Version: Next

Rebalance

Overview

Fluss provides cluster rebalancing capabilities to redistribute buckets across TabletServers based on workload and cluster topology changes. Rebalancing helps maintain optimal resource utilization and ensures balanced load distribution across the cluster.

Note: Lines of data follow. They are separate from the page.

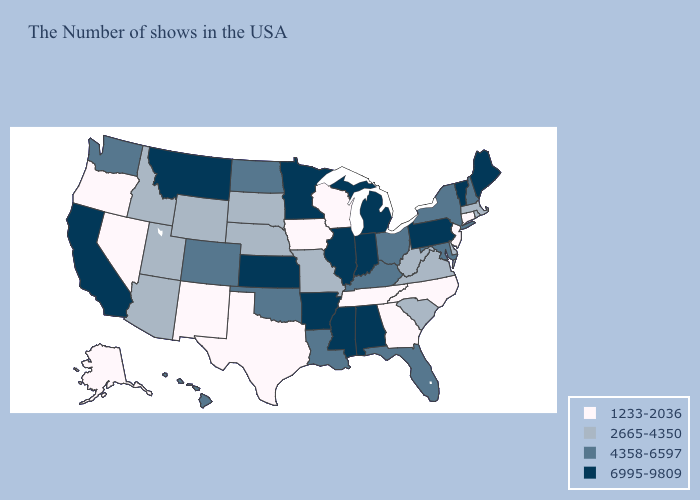What is the value of California?
Short answer required. 6995-9809. Does the first symbol in the legend represent the smallest category?
Keep it brief. Yes. What is the highest value in states that border Washington?
Be succinct. 2665-4350. Name the states that have a value in the range 4358-6597?
Be succinct. New Hampshire, New York, Maryland, Ohio, Florida, Kentucky, Louisiana, Oklahoma, North Dakota, Colorado, Washington, Hawaii. Among the states that border North Dakota , does South Dakota have the highest value?
Write a very short answer. No. What is the value of Massachusetts?
Keep it brief. 2665-4350. What is the value of North Dakota?
Short answer required. 4358-6597. What is the value of New York?
Concise answer only. 4358-6597. What is the value of Connecticut?
Give a very brief answer. 1233-2036. What is the value of Iowa?
Write a very short answer. 1233-2036. Among the states that border Delaware , which have the highest value?
Concise answer only. Pennsylvania. What is the highest value in the USA?
Short answer required. 6995-9809. What is the value of New Mexico?
Short answer required. 1233-2036.

Rebalancing primarily occurs in the following scenarios:

Scaling Down: Offline existing TabletServers from the cluster
Scaling Up: Adding new TabletServers to the cluster
Load Balancing: Routine adjustments for load imbalance across TabletServers

When to Rebalance

You should consider triggering a rebalance operation in these situations:

Server Decommissioning: Before removing a TabletServer from the cluster permanently
Server Maintenance: Before temporarily taking a TabletServer offline for upgrades or maintenance
Cluster Expansion: After adding new TabletServers to distribute load to the new nodes
Load Imbalance: When monitoring shows uneven distribution of replicas or leaders across TabletServers

Rebalance Workflow

A typical rebalance workflow consists of the following steps:

1. Tag Servers (Optional but Recommended)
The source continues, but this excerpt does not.